И написав вторую просьбу г. капитану, приял стрюцкий вторую мзду, и возвратившись в дом свой, — всю собранную рыбу посолил и начал питаться.
С того же дня все законные институты в Макаро-Телятинске задействовали, и новые законы были из белой бумаги развёрнуты.
Вместо хождения вдоль берегов, жители принялись за хождение к мировому судье, и стрюцкий начал уж грязновые прошения подавать, ибо на переписку начисто не имел времени.
И столько за это время стрюцкий насолил рыбы, что даже начал её поставлять на вновь открытые макаро-телятинские «Титы», кои вечно с тех пор пребывали полны.
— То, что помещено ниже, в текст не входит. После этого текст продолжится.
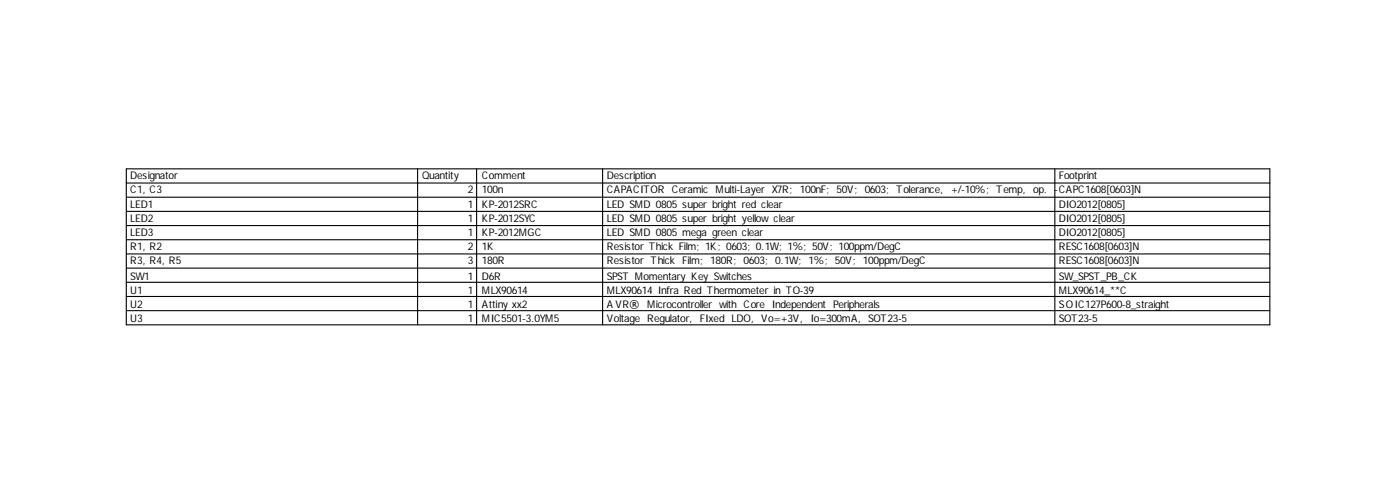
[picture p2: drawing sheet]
<svg xmlns="http://www.w3.org/2000/svg" width="122mm" height="43mm" viewBox="0 0 122 43" stroke-linecap="round" stroke-linejoin="round" font-family="sans-serif">
<defs><g id="words">
<g font-size=".9">
<text x="11.3" y="15.6">Designator</text>
<text x="11.3" y="16.8">C1, C3</text>
<text x="36.7" y="15.6">Quantity</text>
<text x="40.7" y="16.8">2</text>
<text x="41.9" y="15.6">Comment</text>
<text x="41.9" y="16.8">100n</text>
<text x="52.8" y="15.6">Description</text>
<text x="52.8" y="16.8">CAPACITOR Ceramic Multi-Layer X7R; 100nF; 50V; 0603; Tolerance, +/-10%; Temp, op. -55°PC1to08+1603C</text>
<text x="92" y="15.6">Footprint</text>
<text x="92" y="16.8">CAC</text>
<text x="94.8" y="16.8">6</text>
<text x="96.2" y="16.8">[025°]N</text>
<text x="11.3" y="18">LED1</text>
<text x="11.3" y="19.2">LED2</text>
<text x="11.3" y="20.5">LED3</text>
<text x="11.3" y="21.7">R1, R2</text>
<text x="11.3" y="22.9">R3, R4, R5</text>
<text x="40.7" y="18">1</text>
<text x="40.7" y="19.2">1</text>
<text x="40.7" y="20.5">1</text>
<text x="40.7" y="21.7">2</text>
<text x="40.7" y="22.9">3</text>
<text x="41.9" y="18">KP-2012SRC</text>
<text x="41.9" y="19.2">KP-2012SYC</text>
<text x="41.9" y="20.5">KP-2012MGC</text>
<text x="41.9" y="21.7">1K</text>
<text x="41.9" y="22.9">180R</text>
<text x="52.8" y="18">LED SMD 0805 super bright red clear</text>
<text x="52.8" y="19.2">LED SMD 0805 super bright yellow clear</text>
<text x="52.8" y="20.5">LED SMD 0805 mega green clear</text>
<text x="52.8" y="21.7">Resistor Thick Film; 1K; 0603; 0.1W; 1%; 50V; 100ppm/DegC</text>
<text x="52.8" y="22.9">Resistor Thick Film; 180R; 0603; 0.1W; 1%; 50V; 100ppm/DegC</text>
<text x="92" y="18">DIO2012[0805]</text>
<text x="92" y="19.2">DIO2012[0805]</text>
<text x="92" y="20.5">DIO2012[0805]</text>
<text x="92" y="21.7">RESC1608[0603]N</text>
<text x="92" y="22.9">RESC1608[0603]N</text>
<text x="11.3" y="24.3">SW1</text>
<text x="11.3" y="25.5">U1</text>
<text x="11.3" y="26.7">U2</text>
<text x="11.3" y="27.9">U3</text>
<text x="40.7" y="24.3">1</text>
<text x="40.7" y="25.5">1</text>
<text x="40.7" y="26.7">1</text>
<text x="40.7" y="27.9">1</text>
<text x="41.9" y="24.3">D6R</text>
<text x="41.9" y="25.5">MLX90614</text>
<text x="41.9" y="26.7">Attiny xx2</text>
<text x="41.9" y="27.9">MIC5501-3.0YM5</text>
<text x="52.8" y="24.3">SPST Momentary Key Switches</text>
<text x="52.8" y="25.5">MLX90614 Infra Red Thermometer in TO-39</text>
<text x="52.8" y="26.7">A VR®</text>
<text x="52.8" y="27.9">and gicoPowulator,TeFcIxedloLDO, Vo=+3V, Io=300mA, SOT23-5</text>
<text x="52.8" y="27.9">Voltape Reger®</text>
<text x="56.3" y="26.7">Microcontroller with Core Independent Peripherals</text>
<text x="61.6" y="27.9">hno gy</text>
<text x="92" y="24.3">SW_SPST_PB_CK</text>
<text x="92" y="25.5">MLX90614_**C</text>
<text x="92" y="26.7">SOIC127P600-8_straight</text>
<text x="92" y="27.9">SOT23-5</text>
</g>
</g></defs>
<g fill="none" stroke="#000" stroke-width=".1">
<path d="M11 14.7h99.4v13.5h-99.4zM11 15.9h99.4M11 17.1h99.4M11 18.3h99.4M11 19.6h99.4M36.3 14.7v13.5M41.4 14.7v13.5M52.4 14.7v13.5M91.7 14.7v13.5M11 20.8h99.4M11 22h99.4M11 23.3h99.4"/>
<path d="M11 24.5h99.4M11 25.7h99.4M11 27h99.4"/>
</g>
<use href="#words"/>
</svg>

Кончилось же это всё тем, что, пересажавши всех г. мировой судья, однажды, усмотрев какой-то свой промах, обругал себя вслух «дураком», — но тут же привлёк сам себя за «оскорбление в присутственном месте должностного лица, при исполнении им своих обязанностей». И даже в приговоре присовокупил, что «такое деяние тем непростительнее, что совершено мировым же судьёю против мирового судьи, а потому и подлежит наказанию более строгому»…
С тех пор стрюцкий единолично гулял в городе Макаро-Телятинске, а все туземцы в Титах имели пребывание.